Instructions to follow:
Return exactly the lines of the records below, starting at the line that contains "text Uit het" and ending at the line that contains "text Ook GGD", with both of those lines kept.

(Records from a collection)
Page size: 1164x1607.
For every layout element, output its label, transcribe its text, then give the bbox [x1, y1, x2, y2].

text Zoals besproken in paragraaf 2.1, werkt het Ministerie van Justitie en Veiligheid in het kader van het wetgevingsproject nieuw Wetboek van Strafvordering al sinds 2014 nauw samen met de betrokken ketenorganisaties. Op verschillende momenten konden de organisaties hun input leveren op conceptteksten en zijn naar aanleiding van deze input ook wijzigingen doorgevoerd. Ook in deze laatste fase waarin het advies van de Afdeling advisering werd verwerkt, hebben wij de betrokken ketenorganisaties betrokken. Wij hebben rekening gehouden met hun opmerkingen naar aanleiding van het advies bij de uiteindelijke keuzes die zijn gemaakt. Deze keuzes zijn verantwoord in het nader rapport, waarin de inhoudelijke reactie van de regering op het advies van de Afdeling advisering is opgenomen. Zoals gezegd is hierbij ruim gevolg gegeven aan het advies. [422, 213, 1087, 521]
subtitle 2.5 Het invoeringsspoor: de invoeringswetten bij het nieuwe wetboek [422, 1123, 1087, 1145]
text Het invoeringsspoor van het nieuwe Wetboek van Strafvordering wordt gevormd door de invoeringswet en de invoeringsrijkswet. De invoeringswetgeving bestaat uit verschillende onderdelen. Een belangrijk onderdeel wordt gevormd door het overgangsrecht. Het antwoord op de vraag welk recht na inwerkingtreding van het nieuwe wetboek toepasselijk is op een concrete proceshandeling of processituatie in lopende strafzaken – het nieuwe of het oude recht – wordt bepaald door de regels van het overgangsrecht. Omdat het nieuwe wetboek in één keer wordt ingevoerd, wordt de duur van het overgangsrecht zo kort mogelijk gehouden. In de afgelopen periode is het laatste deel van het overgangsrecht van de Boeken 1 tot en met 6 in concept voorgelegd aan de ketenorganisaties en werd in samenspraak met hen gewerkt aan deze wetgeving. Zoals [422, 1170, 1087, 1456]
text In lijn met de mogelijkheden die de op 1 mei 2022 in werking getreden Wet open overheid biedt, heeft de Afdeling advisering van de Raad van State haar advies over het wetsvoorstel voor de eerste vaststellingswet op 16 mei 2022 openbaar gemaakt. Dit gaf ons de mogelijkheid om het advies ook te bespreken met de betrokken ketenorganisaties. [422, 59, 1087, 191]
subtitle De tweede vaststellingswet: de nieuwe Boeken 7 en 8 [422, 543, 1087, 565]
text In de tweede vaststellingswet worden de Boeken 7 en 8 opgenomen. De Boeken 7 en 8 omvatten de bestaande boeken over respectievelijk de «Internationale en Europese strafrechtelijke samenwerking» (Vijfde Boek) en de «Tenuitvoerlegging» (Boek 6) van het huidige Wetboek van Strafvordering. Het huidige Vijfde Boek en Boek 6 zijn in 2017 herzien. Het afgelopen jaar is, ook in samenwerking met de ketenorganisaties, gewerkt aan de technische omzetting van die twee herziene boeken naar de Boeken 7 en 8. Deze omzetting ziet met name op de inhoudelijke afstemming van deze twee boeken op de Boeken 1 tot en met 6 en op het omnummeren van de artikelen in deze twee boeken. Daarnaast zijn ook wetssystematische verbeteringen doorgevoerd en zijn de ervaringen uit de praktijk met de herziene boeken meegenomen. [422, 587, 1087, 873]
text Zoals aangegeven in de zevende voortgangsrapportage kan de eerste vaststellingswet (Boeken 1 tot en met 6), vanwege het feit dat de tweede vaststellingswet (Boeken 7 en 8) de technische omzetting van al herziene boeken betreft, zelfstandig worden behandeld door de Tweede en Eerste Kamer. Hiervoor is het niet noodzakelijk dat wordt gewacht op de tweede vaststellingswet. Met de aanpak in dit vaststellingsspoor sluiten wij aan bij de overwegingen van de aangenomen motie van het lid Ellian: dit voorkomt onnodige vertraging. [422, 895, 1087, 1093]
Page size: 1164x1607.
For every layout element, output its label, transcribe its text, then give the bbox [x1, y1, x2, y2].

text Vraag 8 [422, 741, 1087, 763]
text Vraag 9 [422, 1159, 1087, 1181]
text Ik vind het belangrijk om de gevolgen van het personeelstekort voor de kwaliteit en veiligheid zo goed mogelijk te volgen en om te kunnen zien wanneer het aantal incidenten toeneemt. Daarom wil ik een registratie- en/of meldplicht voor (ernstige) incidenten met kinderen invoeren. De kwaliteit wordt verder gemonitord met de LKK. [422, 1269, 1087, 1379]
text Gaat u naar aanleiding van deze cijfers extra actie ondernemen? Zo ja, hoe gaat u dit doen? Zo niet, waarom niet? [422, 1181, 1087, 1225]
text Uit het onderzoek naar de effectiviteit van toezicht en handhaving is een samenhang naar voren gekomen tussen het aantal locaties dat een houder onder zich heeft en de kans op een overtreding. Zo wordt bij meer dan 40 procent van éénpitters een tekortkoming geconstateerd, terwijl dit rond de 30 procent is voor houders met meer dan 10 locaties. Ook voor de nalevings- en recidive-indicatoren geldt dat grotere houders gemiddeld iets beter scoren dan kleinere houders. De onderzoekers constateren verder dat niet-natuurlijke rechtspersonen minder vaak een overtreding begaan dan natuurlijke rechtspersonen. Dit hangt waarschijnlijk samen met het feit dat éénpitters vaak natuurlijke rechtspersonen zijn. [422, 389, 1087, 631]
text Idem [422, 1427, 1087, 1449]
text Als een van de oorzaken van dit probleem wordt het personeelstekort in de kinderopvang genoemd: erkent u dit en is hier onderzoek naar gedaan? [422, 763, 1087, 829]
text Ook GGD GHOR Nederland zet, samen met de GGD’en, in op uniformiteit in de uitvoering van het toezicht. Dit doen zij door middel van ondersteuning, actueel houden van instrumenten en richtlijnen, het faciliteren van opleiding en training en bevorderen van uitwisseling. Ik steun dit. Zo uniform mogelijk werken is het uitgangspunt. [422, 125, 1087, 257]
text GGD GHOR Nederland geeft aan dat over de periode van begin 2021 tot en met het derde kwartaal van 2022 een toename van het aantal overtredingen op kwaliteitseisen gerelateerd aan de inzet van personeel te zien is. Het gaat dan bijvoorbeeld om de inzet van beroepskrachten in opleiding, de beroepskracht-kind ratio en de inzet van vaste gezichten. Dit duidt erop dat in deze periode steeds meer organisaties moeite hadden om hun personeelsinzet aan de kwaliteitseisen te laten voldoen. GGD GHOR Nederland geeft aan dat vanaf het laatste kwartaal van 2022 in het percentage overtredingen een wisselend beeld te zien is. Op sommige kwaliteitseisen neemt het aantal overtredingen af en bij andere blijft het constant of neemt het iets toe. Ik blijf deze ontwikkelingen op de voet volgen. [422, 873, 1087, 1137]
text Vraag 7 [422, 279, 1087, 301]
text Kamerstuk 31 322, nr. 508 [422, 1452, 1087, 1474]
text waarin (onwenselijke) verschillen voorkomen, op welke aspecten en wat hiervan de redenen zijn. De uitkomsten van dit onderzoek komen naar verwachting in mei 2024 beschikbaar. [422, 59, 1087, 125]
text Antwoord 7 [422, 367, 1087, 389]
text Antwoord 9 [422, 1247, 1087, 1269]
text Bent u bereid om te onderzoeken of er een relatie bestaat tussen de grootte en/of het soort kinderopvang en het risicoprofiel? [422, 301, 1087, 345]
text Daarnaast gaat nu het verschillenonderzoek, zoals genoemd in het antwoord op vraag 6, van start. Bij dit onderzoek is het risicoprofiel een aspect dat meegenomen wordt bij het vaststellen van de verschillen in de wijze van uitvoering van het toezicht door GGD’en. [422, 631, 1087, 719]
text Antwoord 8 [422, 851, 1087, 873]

Response for this exercise:
text Uit het onderzoek naar de effectiviteit van toezicht en handhaving is een samenhang naar voren gekomen tussen het aantal locaties dat een houder onder zich heeft en de kans op een overtreding. Zo wordt bij meer dan 40 procent van éénpitters een tekortkoming geconstateerd, terwijl dit rond de 30 procent is voor houders met meer dan 10 locaties. Ook voor de nalevings- en recidive-indicatoren geldt dat grotere houders gemiddeld iets beter scoren dan kleinere houders. De onderzoekers constateren verder dat niet-natuurlijke rechtspersonen minder vaak een overtreding begaan dan natuurlijke rechtspersonen. Dit hangt waarschijnlijk samen met het feit dat éénpitters vaak natuurlijke rechtspersonen zijn. [422, 389, 1087, 631]
text Idem [422, 1427, 1087, 1449]
text Als een van de oorzaken van dit probleem wordt het personeelstekort in de kinderopvang genoemd: erkent u dit en is hier onderzoek naar gedaan? [422, 763, 1087, 829]
text Ook GGD GHOR Nederland zet, samen met de GGD’en, in op uniformiteit in de uitvoering van het toezicht. Dit doen zij door middel van ondersteuning, actueel houden van instrumenten en richtlijnen, het faciliteren van opleiding en training en bevorderen van uitwisseling. Ik steun dit. Zo uniform mogelijk werken is het uitgangspunt. [422, 125, 1087, 257]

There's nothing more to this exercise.